Yes, the price of the commodity can certainly go lower and be sustained, but until trading below the 65.000 USD mark is demonstrated for a duration, looking for upside around 66.000 feels logical. However, as day traders also know finding solid lows or durable resistance above is not easy. Thus, wagering on a middle range perhaps between 67.750 to 66.500 may prove like a legitimate playing field in the near-term. It still appears that there is less likelihood of a strong surge higher in WTI Crude Oil compared to a stronger move lower.
- Pain thresholds for speculators are important when they are considering their trades.
- It is unlikely that a chosen direction in WTI Crude Oil will be accomplished right away for a trader.
- Traders must be able to endure some momentum which initially goes against them when wagering on the commodity.
- Stop losses must be used, but also give you enough space to allow WTI Crude Oil to trade when it is battling a range.
The past two months of trading in WTI Crude Oil have been comfortable for traders who have had patience and sought lower values. However, now that the commodity has attained the lower price realms and is banging up against long-term support, trends in WTI Crude Oil will likely be more difficult to find, which means day traders will once again will have to consider active price ranges.

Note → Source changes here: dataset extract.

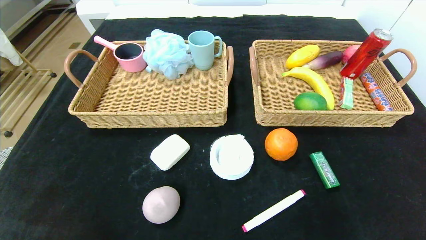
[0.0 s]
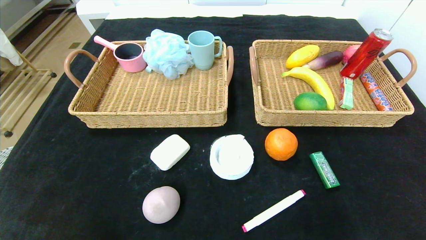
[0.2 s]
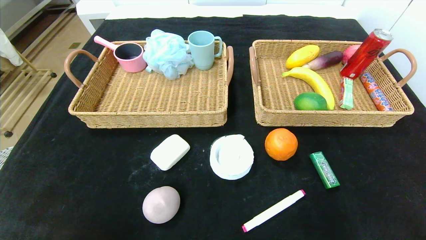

The lows seen last week were intriguing, while not shocking that the 65.200 vicinity was challenged, the 66.000 ratio would have to see sustained trading below to consider the 65.000 mark vulnerable. The Trump administration would certainly like to see prices lower in WTI Crude Oil and this goal will keep them proactive, but at some point business also becomes important and the knowledge that producers must make a profit is legitimate. Meaning that prices that are too low could become problematic too, the temptation to think WTI Crude Oil will remain trading within its current range is not farfetched.